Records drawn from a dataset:
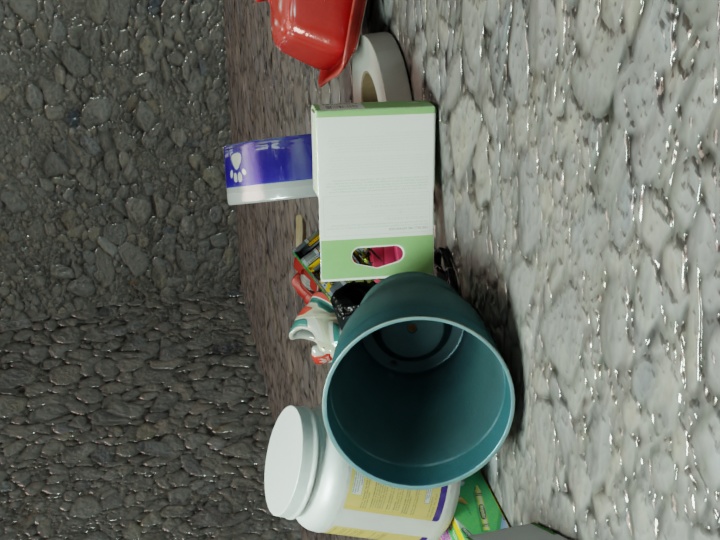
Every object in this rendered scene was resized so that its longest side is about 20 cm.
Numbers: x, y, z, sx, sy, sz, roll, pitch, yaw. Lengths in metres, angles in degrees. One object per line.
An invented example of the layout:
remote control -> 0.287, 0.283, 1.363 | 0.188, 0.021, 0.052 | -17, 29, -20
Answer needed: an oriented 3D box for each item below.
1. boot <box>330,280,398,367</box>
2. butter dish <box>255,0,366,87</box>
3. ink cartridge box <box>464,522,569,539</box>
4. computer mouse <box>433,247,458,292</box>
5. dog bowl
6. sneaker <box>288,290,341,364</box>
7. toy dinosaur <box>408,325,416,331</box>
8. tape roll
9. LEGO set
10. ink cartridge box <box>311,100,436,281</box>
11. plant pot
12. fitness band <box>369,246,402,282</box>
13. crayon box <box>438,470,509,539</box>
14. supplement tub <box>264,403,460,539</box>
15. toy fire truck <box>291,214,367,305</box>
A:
boot -> 0.006, 0.090, 1.453 | 0.199, 0.076, 0.170 | 16, 130, 59
butter dish -> -0.072, -0.365, 1.550 | 0.199, 0.145, 0.204 | -169, 91, -78
ink cartridge box -> 0.171, 0.364, 1.127 | 0.145, 0.083, 0.204 | 165, 96, -79
computer mouse -> 0.078, -0.021, 1.436 | 0.200, 0.033, 0.060 | -122, 26, -63
dog bowl -> -0.083, -0.137, 1.551 | 0.200, 0.197, 0.080 | -164, 68, -78
sneaker -> -0.019, 0.114, 1.694 | 0.198, 0.094, 0.071 | 32, 156, 27
toy dinosaur -> 0.096, 0.106, 1.438 | 0.108, 0.060, 0.200 | 68, 162, 3
tape roll -> 0.029, -0.211, 1.527 | 0.203, 0.036, 0.207 | 171, 90, -80
LEGO set -> 0.000, 0.000, 1.581 | 0.155, 0.115, 0.200 | 53, 177, -15
ink cartridge box -> 0.016, -0.094, 1.362 | 0.048, 0.143, 0.204 | -121, 29, -70
plant pot -> 0.058, 0.100, 1.260 | 0.189, 0.196, 0.203 | -92, -2, -66
fitness band -> 0.049, 0.002, 1.608 | 0.144, 0.037, 0.203 | -122, 25, -58
crayon box -> 0.139, 0.334, 1.340 | 0.201, 0.057, 0.120 | -116, 20, -57
supplement tub -> 0.002, 0.232, 1.334 | 0.145, 0.197, 0.148 | -168, 90, -68
toy fire truck -> -0.066, -0.008, 1.859 | 0.199, 0.128, 0.177 | 40, 153, 19
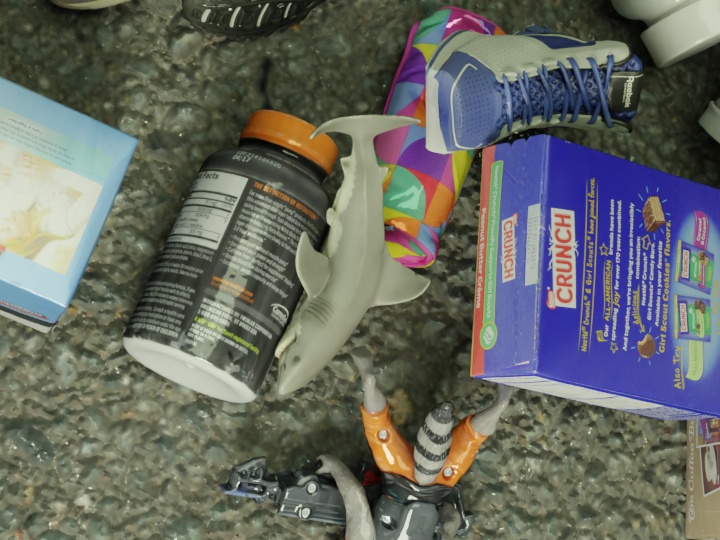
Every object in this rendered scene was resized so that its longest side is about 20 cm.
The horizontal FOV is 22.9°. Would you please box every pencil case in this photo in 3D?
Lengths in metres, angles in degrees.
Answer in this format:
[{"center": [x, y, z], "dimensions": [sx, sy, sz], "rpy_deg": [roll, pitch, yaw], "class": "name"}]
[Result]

● Assigned task: When you reach the line holding "12. fitness band <box>369,246,402,282</box>" in the records above, begin reproducing exactly, stop after the line holding "15. toy fire truck <box>291,214,367,305</box>", and output nothing else.

● Result of this exercise:
12. fitness band <box>369,246,402,282</box>
13. crayon box <box>438,470,509,539</box>
14. supplement tub <box>264,403,460,539</box>
15. toy fire truck <box>291,214,367,305</box>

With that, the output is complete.